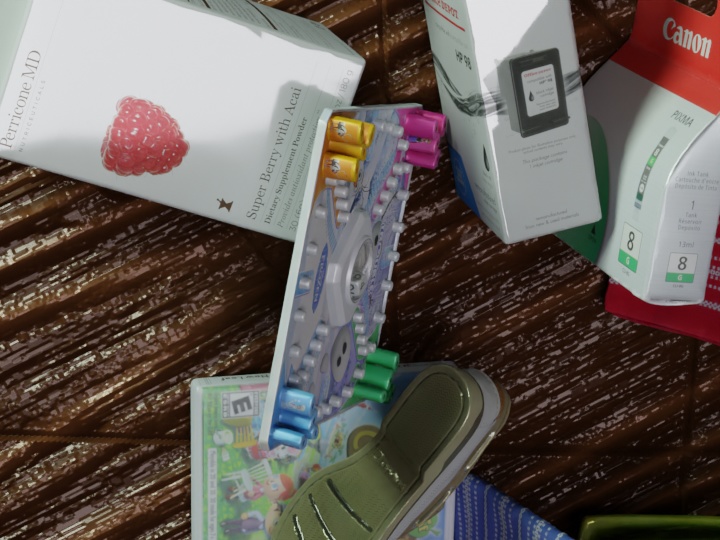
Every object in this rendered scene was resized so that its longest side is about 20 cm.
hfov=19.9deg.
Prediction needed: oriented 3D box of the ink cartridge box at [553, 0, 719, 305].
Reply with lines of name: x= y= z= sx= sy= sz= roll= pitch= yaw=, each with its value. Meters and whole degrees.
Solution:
ink cartridge box: x=0.178 y=-0.097 z=1.285 sx=0.050 sy=0.161 sz=0.200 roll=0 pitch=108 yaw=-19

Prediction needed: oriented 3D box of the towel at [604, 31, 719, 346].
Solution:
towel: x=0.233 y=-0.049 z=1.336 sx=0.022 sy=0.145 sz=0.200 roll=-14 pitch=117 yaw=-51

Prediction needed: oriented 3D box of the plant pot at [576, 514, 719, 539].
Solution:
plant pot: x=0.240 y=0.274 z=1.414 sx=0.199 sy=0.181 sz=0.200 roll=3 pitch=107 yaw=-16

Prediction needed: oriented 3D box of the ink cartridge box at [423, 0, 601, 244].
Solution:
ink cartridge box: x=0.088 y=-0.131 z=1.275 sx=0.067 sy=0.116 sz=0.200 roll=-14 pitch=110 yaw=-9

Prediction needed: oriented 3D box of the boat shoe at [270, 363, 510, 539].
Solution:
boat shoe: x=0.023 y=0.144 z=1.345 sx=0.200 sy=0.075 sz=0.068 roll=-45 pitch=148 yaw=23

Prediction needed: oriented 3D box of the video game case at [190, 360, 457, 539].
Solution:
video game case: x=-0.024 y=0.162 z=1.393 sx=0.182 sy=0.022 sz=0.200 roll=-3 pitch=109 yaw=-14

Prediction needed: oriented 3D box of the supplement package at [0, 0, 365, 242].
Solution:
supplement package: x=-0.119 y=-0.111 z=1.224 sx=0.200 sy=0.120 sz=0.121 roll=16 pitch=103 yaw=-19

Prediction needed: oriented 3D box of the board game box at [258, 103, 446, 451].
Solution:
board game box: x=0.000 y=0.000 z=1.248 sx=0.026 sy=0.200 sz=0.200 roll=13 pitch=99 yaw=16

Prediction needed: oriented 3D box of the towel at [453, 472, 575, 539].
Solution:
towel: x=0.113 y=0.230 z=1.357 sx=0.024 sy=0.200 sz=0.145 roll=-10 pitch=111 yaw=-28

## Requirement
The range runs from the line with "31, 719, 346]." up to and including the line with "Prediction needed: oriented 3D box of the boat" in the listing above; please write out exactly those lines and nothing more.

## Completed task
Prediction needed: oriented 3D box of the towel at [604, 31, 719, 346].
Solution:
towel: x=0.233 y=-0.049 z=1.336 sx=0.022 sy=0.145 sz=0.200 roll=-14 pitch=117 yaw=-51

Prediction needed: oriented 3D box of the plant pot at [576, 514, 719, 539].
Solution:
plant pot: x=0.240 y=0.274 z=1.414 sx=0.199 sy=0.181 sz=0.200 roll=3 pitch=107 yaw=-16

Prediction needed: oriented 3D box of the ink cartridge box at [423, 0, 601, 244].
Solution:
ink cartridge box: x=0.088 y=-0.131 z=1.275 sx=0.067 sy=0.116 sz=0.200 roll=-14 pitch=110 yaw=-9

Prediction needed: oriented 3D box of the boat shoe at [270, 363, 510, 539].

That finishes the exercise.